According to Europe Patent Office’s annual report in 2015, Philips has become NO 1 (2402 units) who has the most submitter of patents application ahead of Samsung (2366 units) and LG (2091 units). These included a number of patents application of 721, 483 and 195 in medical technology, digital communication and computer technology respectively. There is powerful evidence to show a firm’s innovation capability that a company possesses. Therefore, large companies such as Philips have been found to utilize their brand image to gain customer patronage. By delivering further, they develop more positive image. Besides, patents can be licensed to other partners for a profit margin. For instance, Philips launched ‘LED licensing program’ for its portfolio of patents related to LEDs and SSL. In this paradigm, more than 230 companies around the world signed up for this licensing program and this contributes to more patents licensing fee obtained by Philips (Whitaker, 2012).
In this schema, enterprises exploit advantages that patents create and develop huge value. This is followed by ensuring that the requirement must protect the patents. Patents application must be published and ensured that the rights remain to the parent company that had originally developed the product. Infringement is increasingly becoming common. Philips took litigation against Nintendo Co.’s Wii motion controller technology in 2014; it alleged that Nintendo replicated technology that emulated user’s real-life actions in-game. The second infringement is user interfaces aimed to be navigated by utilization of a pointing device such as Wii Remote. Philips has been pursuing litigation against Nintendo in UK, France, Germany and US consecutively between the years of 2012 and 2014. However, on 2nd December, they both published a statement that reaches an accommodation to cross-license portions of each other’s patent portfolios. This statement did not refer to other clause and compensation fund. Even though Philips obtain some compensation privately from Nintendo, spending more than 2 years in litigation for them is time-consuming and in the process of taking action against Nitendo is also consuming amount of money. Therefore, the risk of applying patents is not ignored by enterprises. There is wastage of resources that can be prevented by the company.
In 1980s, most of large enterprises were not willing to share R&D with other competitors. They implemented complete control for innovation.

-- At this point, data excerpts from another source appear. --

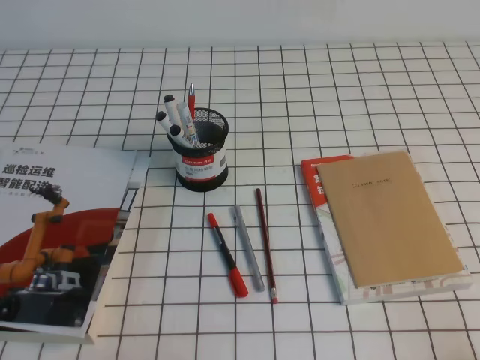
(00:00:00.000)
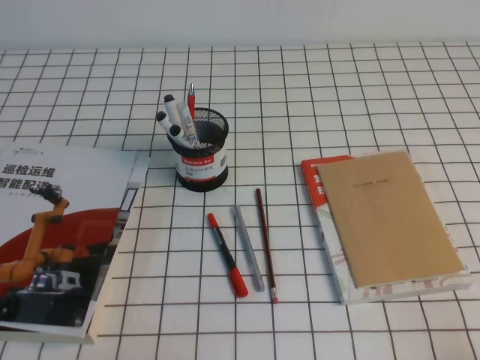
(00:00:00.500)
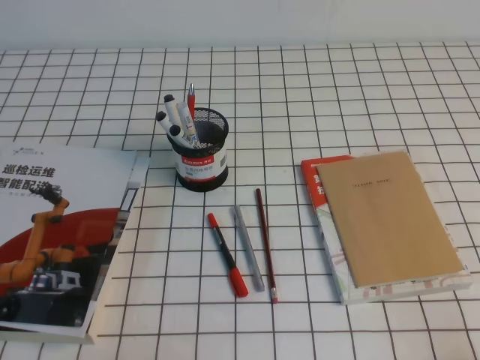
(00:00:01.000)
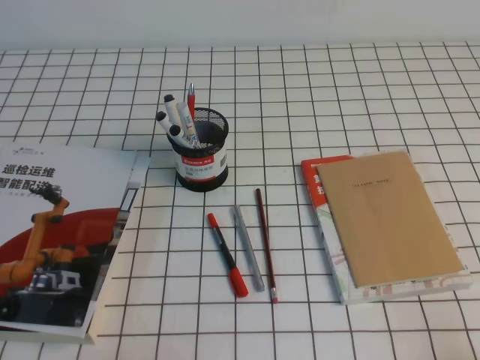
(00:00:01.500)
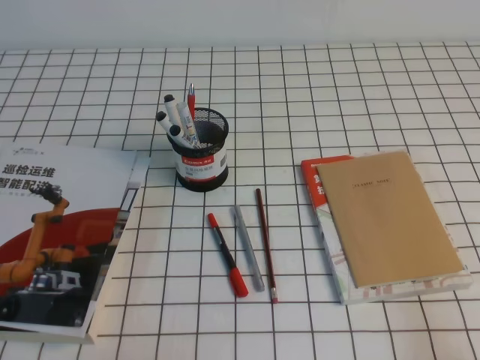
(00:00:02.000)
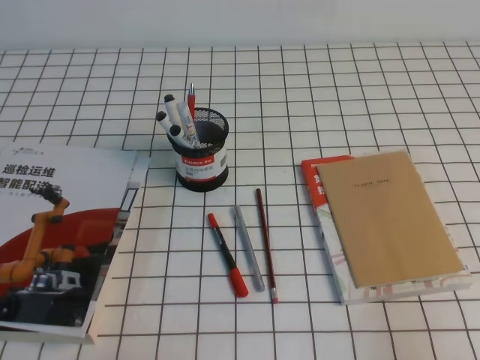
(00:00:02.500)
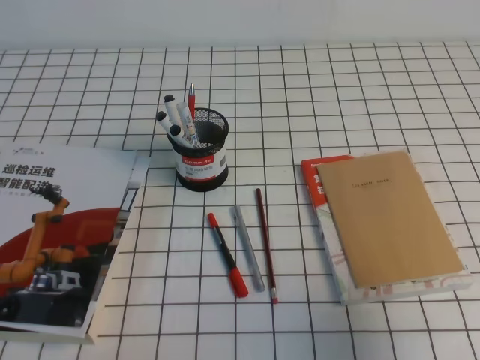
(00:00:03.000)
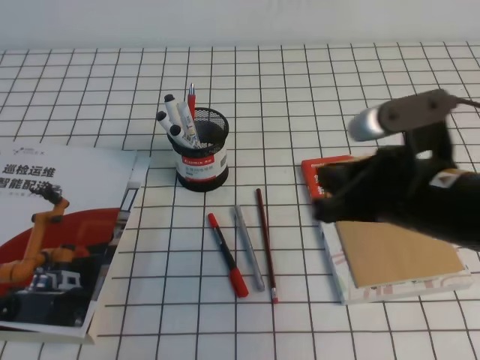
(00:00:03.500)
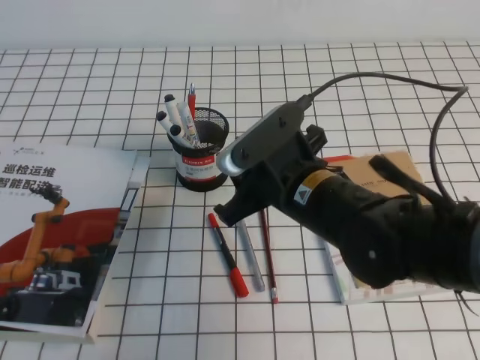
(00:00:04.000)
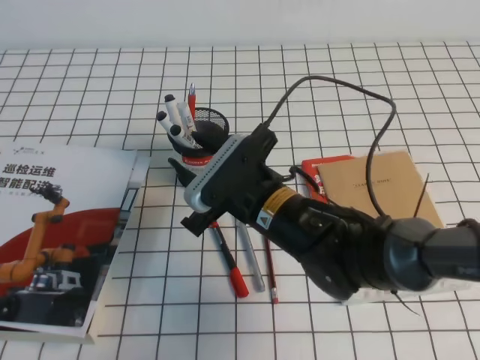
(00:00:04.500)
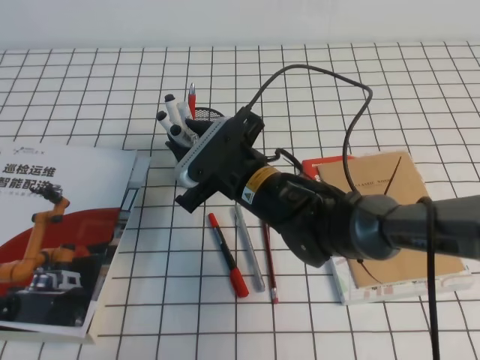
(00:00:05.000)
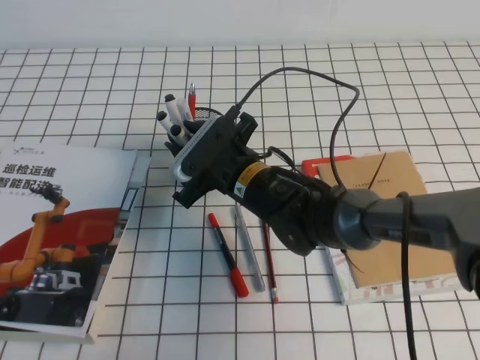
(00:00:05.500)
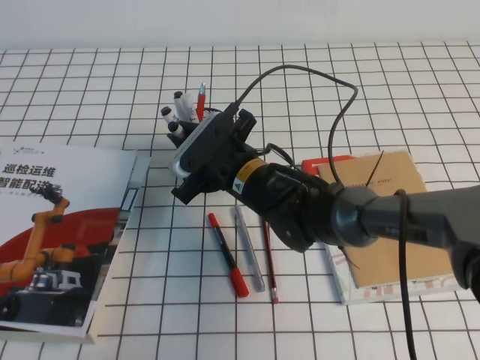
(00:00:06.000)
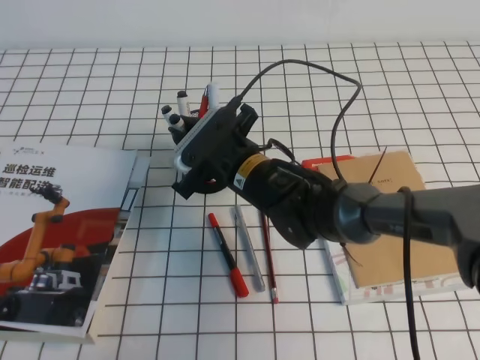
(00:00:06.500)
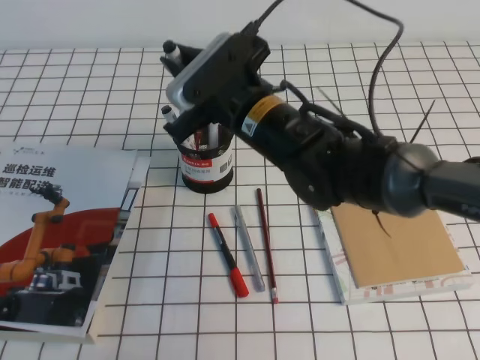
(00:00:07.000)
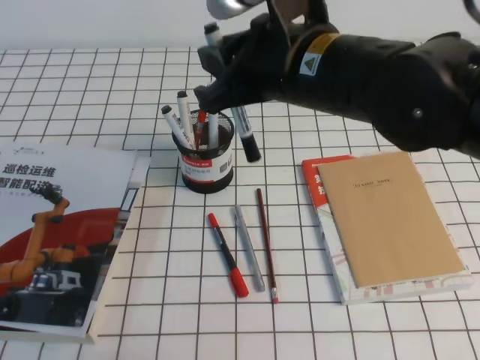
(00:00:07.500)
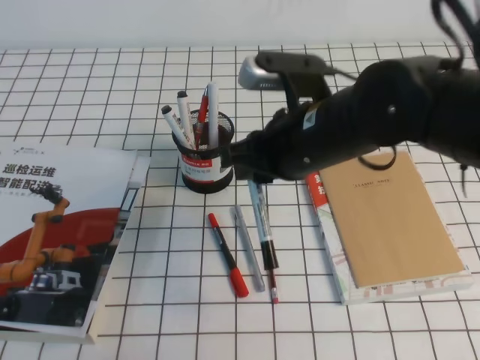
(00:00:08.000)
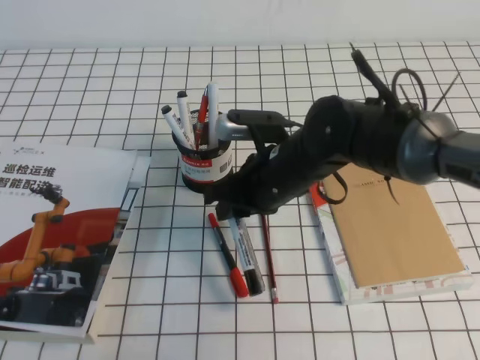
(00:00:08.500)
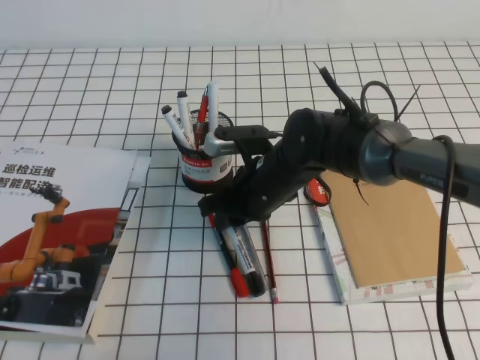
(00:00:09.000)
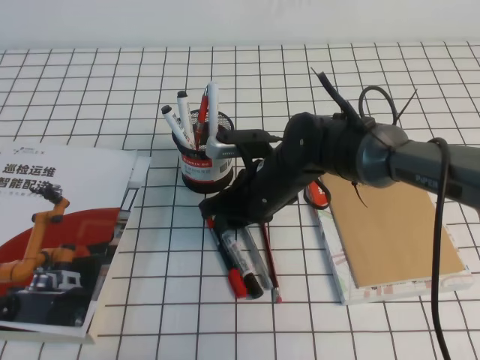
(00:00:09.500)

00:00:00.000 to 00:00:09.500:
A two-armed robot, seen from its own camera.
00:00:02.000 to 00:00:04.000: The right gripper travels to the left and forward by about 35 cm, and opens up.
00:00:04.000 to 00:00:05.500: The right gripper goes some 15 cm forward, to the left and downward, and opens its fingers.
00:00:05.500 to 00:00:07.500: The right gripper is displaced upward by some 20 cm, and closes up.
00:00:07.500 to 00:00:09.500: The right gripper heads downward, covering some 20 cm.

They developed products internally for intellectual property and retained within the firm until they released these new products on the market. This process can be regard as the closed innovation paradigm (Almirall and Masanell, 2010). It led the fact that large firms’ core research division monopolized industry innovation activities, and it also established that the number of America large enterprises received 64% of the total number of patents in the US in 1964. However, this schema of over-emphasis on self-research and strict control by closed innovation is leading to barriers faced by firms that relying on internal resources to implement high cost innovation activities is difficult to adapt rapid development of market demand and increasingly fierce competition among enterprises. Companies cannot be closed and expect to grow. According to this system, open innovation gradually becomes predominant model to enterprises innovation. This is to ensure that there is a healthy balance.